[Stored records]
========================

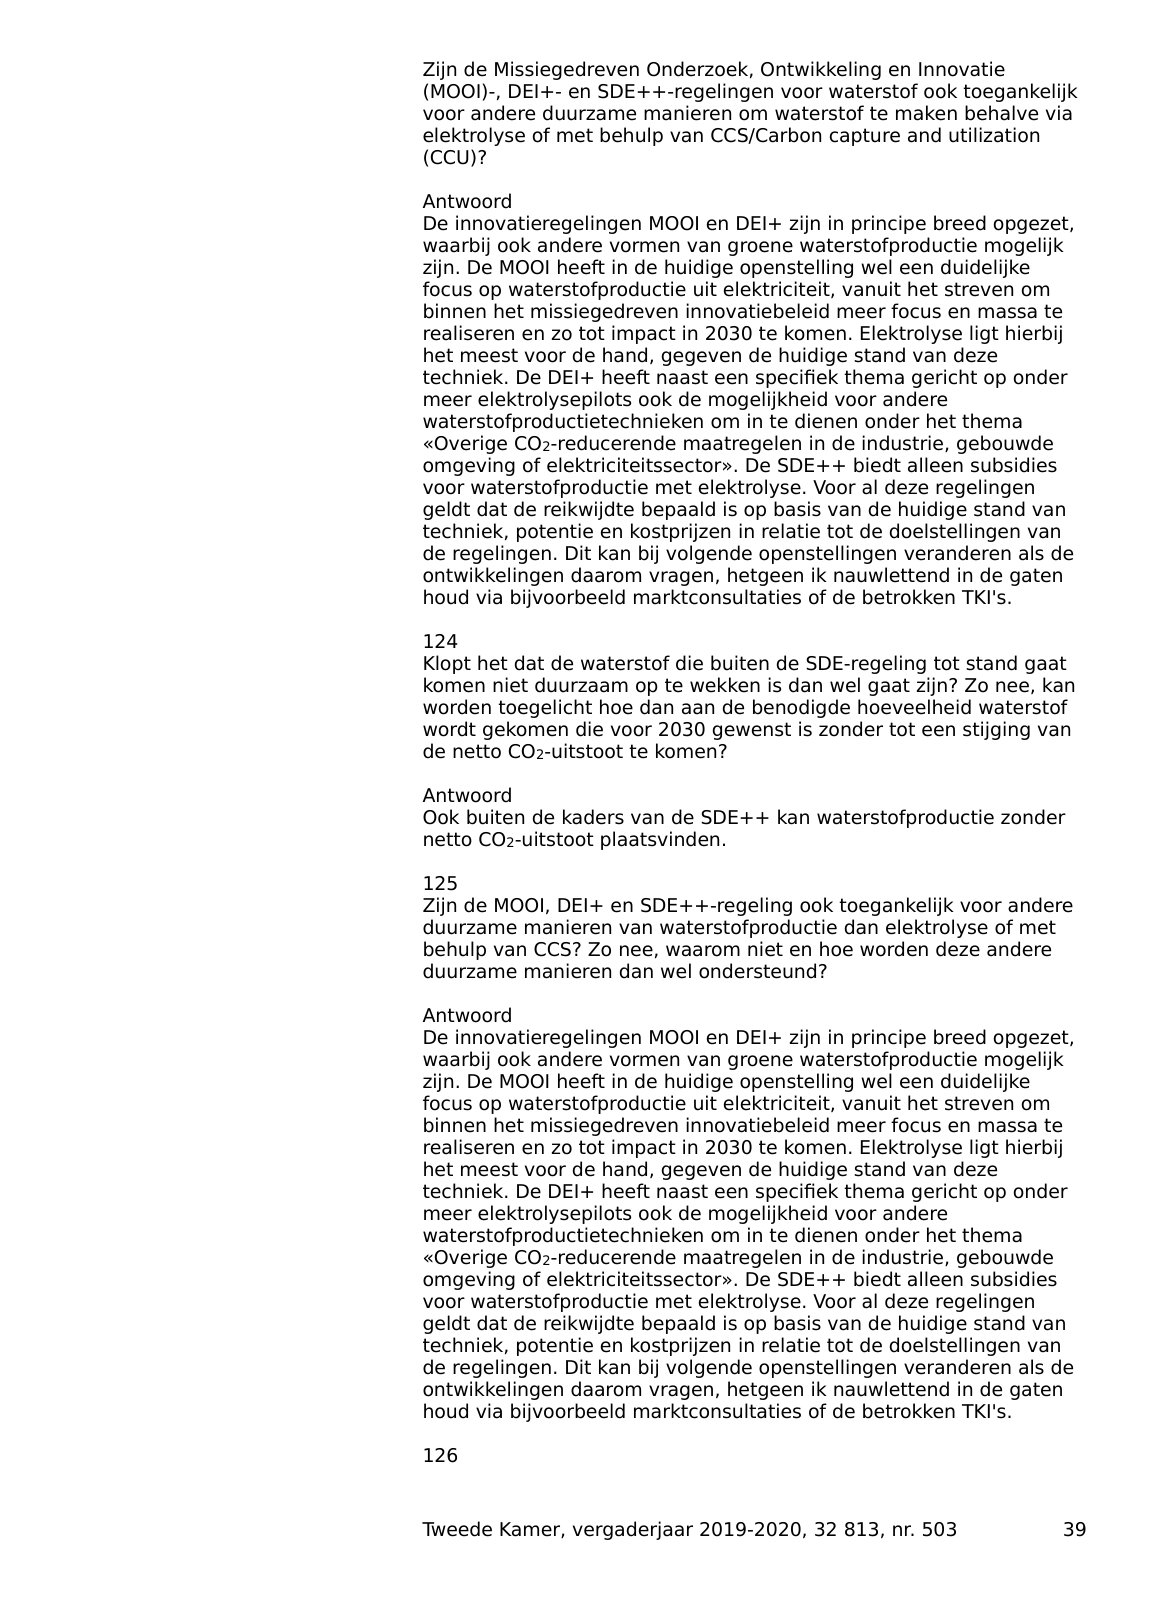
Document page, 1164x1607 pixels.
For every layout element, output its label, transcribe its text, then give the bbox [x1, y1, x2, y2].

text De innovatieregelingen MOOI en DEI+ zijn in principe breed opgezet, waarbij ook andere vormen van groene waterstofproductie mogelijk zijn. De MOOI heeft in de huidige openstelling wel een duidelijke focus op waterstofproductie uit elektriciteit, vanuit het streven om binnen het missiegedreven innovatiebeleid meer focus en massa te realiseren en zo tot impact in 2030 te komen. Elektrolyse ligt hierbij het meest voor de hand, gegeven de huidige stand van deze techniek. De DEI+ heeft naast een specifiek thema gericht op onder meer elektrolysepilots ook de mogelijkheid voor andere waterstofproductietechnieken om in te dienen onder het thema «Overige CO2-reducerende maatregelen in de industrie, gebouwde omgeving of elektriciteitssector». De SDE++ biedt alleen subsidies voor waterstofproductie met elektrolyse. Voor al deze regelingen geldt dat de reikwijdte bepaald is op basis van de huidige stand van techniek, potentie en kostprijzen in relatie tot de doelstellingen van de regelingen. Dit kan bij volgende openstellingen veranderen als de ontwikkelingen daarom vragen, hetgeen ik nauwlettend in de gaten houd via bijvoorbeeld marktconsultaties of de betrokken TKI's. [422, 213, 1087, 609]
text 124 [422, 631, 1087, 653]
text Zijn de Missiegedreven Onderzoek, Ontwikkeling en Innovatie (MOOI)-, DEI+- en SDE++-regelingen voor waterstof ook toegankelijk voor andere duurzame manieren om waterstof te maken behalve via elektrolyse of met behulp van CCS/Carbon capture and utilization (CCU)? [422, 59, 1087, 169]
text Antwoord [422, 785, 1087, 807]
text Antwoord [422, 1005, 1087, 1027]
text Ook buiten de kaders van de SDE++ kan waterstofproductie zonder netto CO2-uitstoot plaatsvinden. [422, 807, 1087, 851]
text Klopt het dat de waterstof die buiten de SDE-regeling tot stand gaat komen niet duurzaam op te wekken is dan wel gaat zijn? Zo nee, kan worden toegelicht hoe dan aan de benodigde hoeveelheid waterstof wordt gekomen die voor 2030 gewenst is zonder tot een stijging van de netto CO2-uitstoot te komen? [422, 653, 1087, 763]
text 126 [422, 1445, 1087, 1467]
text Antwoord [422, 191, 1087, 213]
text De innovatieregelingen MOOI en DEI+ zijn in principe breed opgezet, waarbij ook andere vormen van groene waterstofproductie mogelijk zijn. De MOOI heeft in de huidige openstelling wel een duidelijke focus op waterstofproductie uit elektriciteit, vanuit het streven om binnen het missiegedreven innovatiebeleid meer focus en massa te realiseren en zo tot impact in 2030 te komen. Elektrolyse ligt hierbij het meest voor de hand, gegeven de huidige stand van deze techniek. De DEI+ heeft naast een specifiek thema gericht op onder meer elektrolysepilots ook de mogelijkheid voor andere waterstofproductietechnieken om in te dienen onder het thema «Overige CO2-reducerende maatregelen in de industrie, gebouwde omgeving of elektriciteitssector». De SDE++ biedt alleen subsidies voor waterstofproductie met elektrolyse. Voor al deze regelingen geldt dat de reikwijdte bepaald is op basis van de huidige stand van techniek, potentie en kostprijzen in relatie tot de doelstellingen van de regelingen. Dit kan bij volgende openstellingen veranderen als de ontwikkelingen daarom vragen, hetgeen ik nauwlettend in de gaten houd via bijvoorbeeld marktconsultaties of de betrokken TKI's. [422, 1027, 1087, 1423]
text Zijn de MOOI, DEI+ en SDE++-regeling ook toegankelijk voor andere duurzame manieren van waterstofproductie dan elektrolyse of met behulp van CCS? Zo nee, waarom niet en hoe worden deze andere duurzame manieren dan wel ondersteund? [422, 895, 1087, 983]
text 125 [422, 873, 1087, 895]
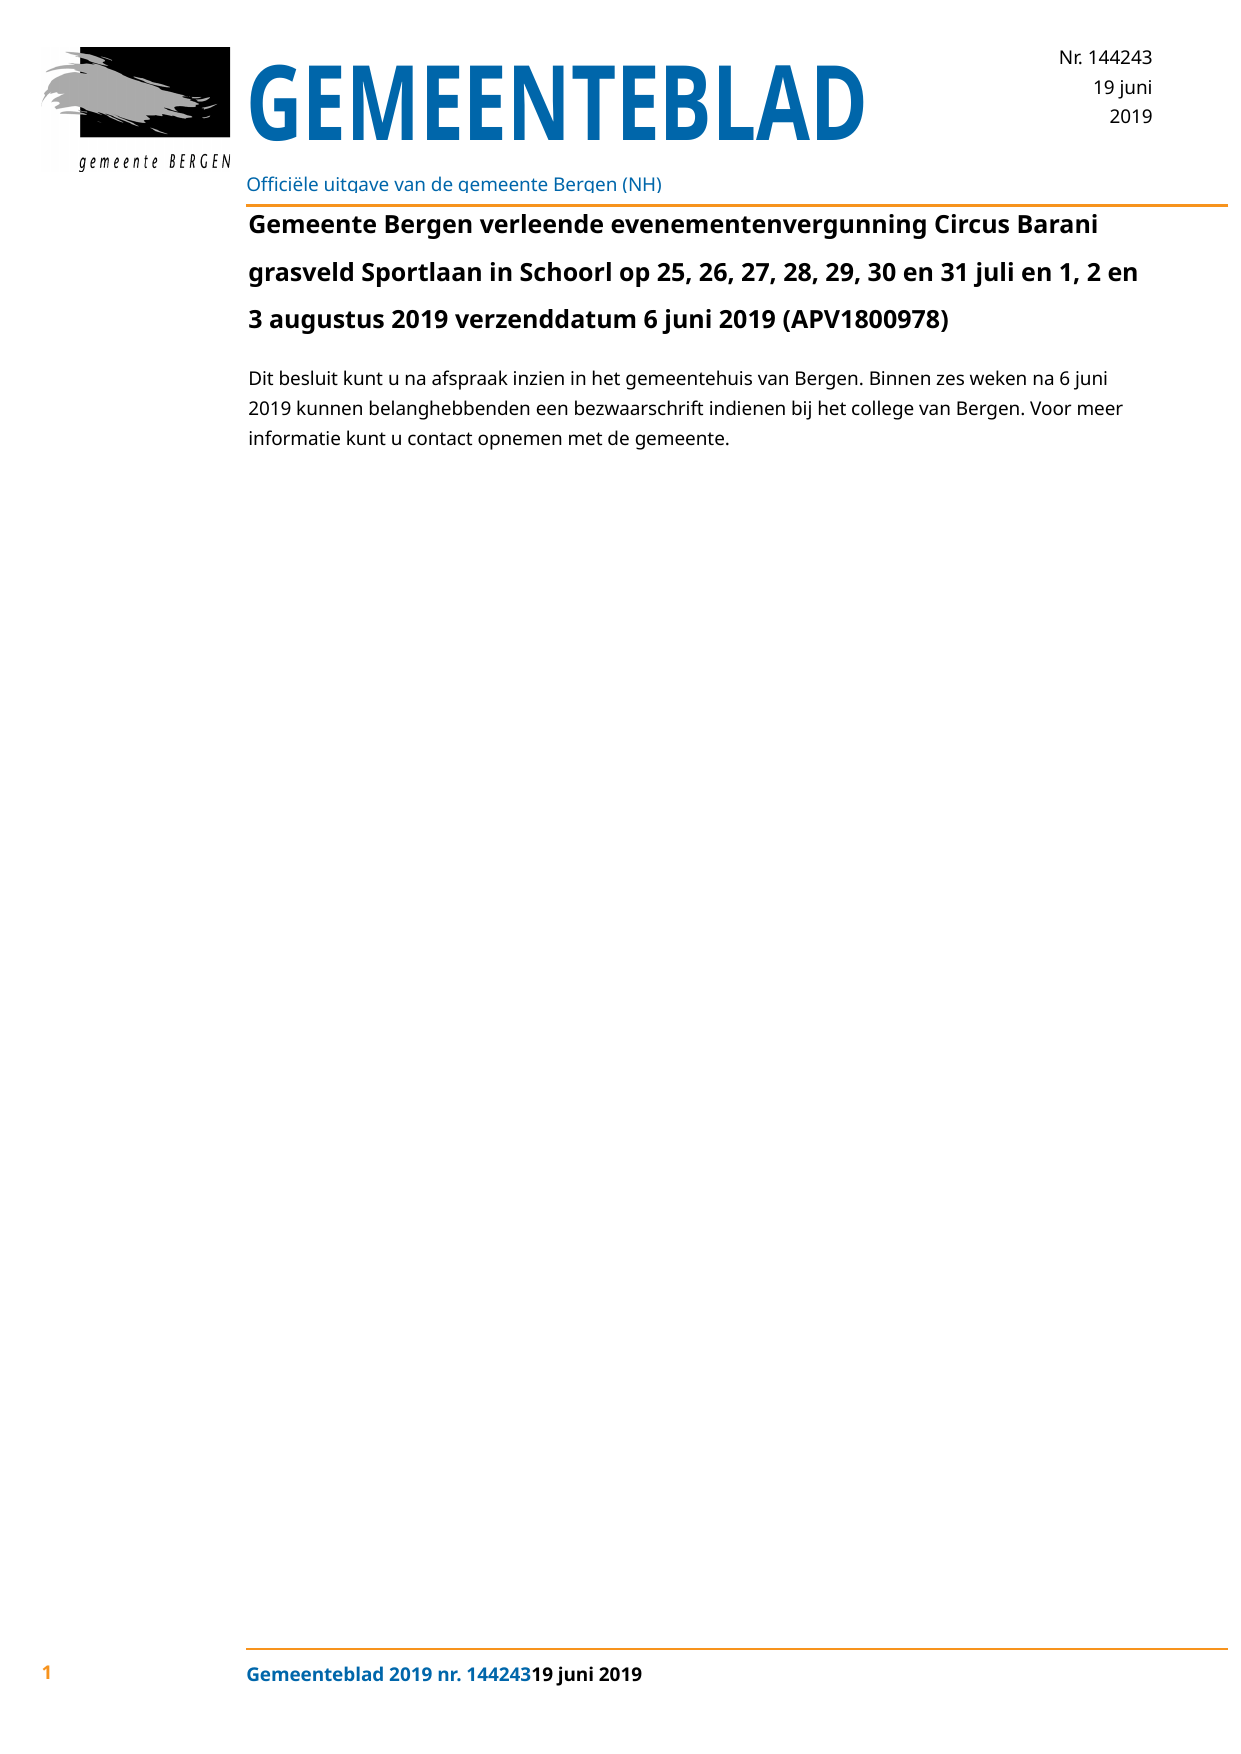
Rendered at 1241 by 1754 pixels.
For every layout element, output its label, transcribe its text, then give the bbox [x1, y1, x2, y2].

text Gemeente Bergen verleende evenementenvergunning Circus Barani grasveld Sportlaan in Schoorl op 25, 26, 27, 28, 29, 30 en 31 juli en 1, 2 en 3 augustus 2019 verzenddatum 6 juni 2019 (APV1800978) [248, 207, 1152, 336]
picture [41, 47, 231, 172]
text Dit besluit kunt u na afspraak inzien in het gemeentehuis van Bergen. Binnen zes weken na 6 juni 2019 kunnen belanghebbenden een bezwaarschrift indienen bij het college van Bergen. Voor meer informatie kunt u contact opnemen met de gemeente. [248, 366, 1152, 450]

========================

- What is expected -
Please give the data again in full, exactly as written, but without any images.

- Answer to this task -
Document page, 1164x1607 pixels.
For every layout element, output its label, transcribe its text, then give the bbox [x1, y1, x2, y2].

text De innovatieregelingen MOOI en DEI+ zijn in principe breed opgezet, waarbij ook andere vormen van groene waterstofproductie mogelijk zijn. De MOOI heeft in de huidige openstelling wel een duidelijke focus op waterstofproductie uit elektriciteit, vanuit het streven om binnen het missiegedreven innovatiebeleid meer focus en massa te realiseren en zo tot impact in 2030 te komen. Elektrolyse ligt hierbij het meest voor de hand, gegeven de huidige stand van deze techniek. De DEI+ heeft naast een specifiek thema gericht op onder meer elektrolysepilots ook de mogelijkheid voor andere waterstofproductietechnieken om in te dienen onder het thema «Overige CO2-reducerende maatregelen in de industrie, gebouwde omgeving of elektriciteitssector». De SDE++ biedt alleen subsidies voor waterstofproductie met elektrolyse. Voor al deze regelingen geldt dat de reikwijdte bepaald is op basis van de huidige stand van techniek, potentie en kostprijzen in relatie tot de doelstellingen van de regelingen. Dit kan bij volgende openstellingen veranderen als de ontwikkelingen daarom vragen, hetgeen ik nauwlettend in de gaten houd via bijvoorbeeld marktconsultaties of de betrokken TKI's. [422, 213, 1087, 609]
text 124 [422, 631, 1087, 653]
text Zijn de Missiegedreven Onderzoek, Ontwikkeling en Innovatie (MOOI)-, DEI+- en SDE++-regelingen voor waterstof ook toegankelijk voor andere duurzame manieren om waterstof te maken behalve via elektrolyse of met behulp van CCS/Carbon capture and utilization (CCU)? [422, 59, 1087, 169]
text Antwoord [422, 785, 1087, 807]
text Antwoord [422, 1005, 1087, 1027]
text Ook buiten de kaders van de SDE++ kan waterstofproductie zonder netto CO2-uitstoot plaatsvinden. [422, 807, 1087, 851]
text Klopt het dat de waterstof die buiten de SDE-regeling tot stand gaat komen niet duurzaam op te wekken is dan wel gaat zijn? Zo nee, kan worden toegelicht hoe dan aan de benodigde hoeveelheid waterstof wordt gekomen die voor 2030 gewenst is zonder tot een stijging van de netto CO2-uitstoot te komen? [422, 653, 1087, 763]
text 126 [422, 1445, 1087, 1467]
text Antwoord [422, 191, 1087, 213]
text De innovatieregelingen MOOI en DEI+ zijn in principe breed opgezet, waarbij ook andere vormen van groene waterstofproductie mogelijk zijn. De MOOI heeft in de huidige openstelling wel een duidelijke focus op waterstofproductie uit elektriciteit, vanuit het streven om binnen het missiegedreven innovatiebeleid meer focus en massa te realiseren en zo tot impact in 2030 te komen. Elektrolyse ligt hierbij het meest voor de hand, gegeven de huidige stand van deze techniek. De DEI+ heeft naast een specifiek thema gericht op onder meer elektrolysepilots ook de mogelijkheid voor andere waterstofproductietechnieken om in te dienen onder het thema «Overige CO2-reducerende maatregelen in de industrie, gebouwde omgeving of elektriciteitssector». De SDE++ biedt alleen subsidies voor waterstofproductie met elektrolyse. Voor al deze regelingen geldt dat de reikwijdte bepaald is op basis van de huidige stand van techniek, potentie en kostprijzen in relatie tot de doelstellingen van de regelingen. Dit kan bij volgende openstellingen veranderen als de ontwikkelingen daarom vragen, hetgeen ik nauwlettend in de gaten houd via bijvoorbeeld marktconsultaties of de betrokken TKI's. [422, 1027, 1087, 1423]
text Zijn de MOOI, DEI+ en SDE++-regeling ook toegankelijk voor andere duurzame manieren van waterstofproductie dan elektrolyse of met behulp van CCS? Zo nee, waarom niet en hoe worden deze andere duurzame manieren dan wel ondersteund? [422, 895, 1087, 983]
text 125 [422, 873, 1087, 895]
Rendered at 1241 by 1754 pixels.
For every layout element, output its label, transcribe its text, then give the bbox [x1, y1, x2, y2].

text Gemeente Bergen verleende evenementenvergunning Circus Barani grasveld Sportlaan in Schoorl op 25, 26, 27, 28, 29, 30 en 31 juli en 1, 2 en 3 augustus 2019 verzenddatum 6 juni 2019 (APV1800978) [248, 207, 1152, 336]
picture [41, 47, 231, 172]
text Dit besluit kunt u na afspraak inzien in het gemeentehuis van Bergen. Binnen zes weken na 6 juni 2019 kunnen belanghebbenden een bezwaarschrift indienen bij het college van Bergen. Voor meer informatie kunt u contact opnemen met de gemeente. [248, 366, 1152, 450]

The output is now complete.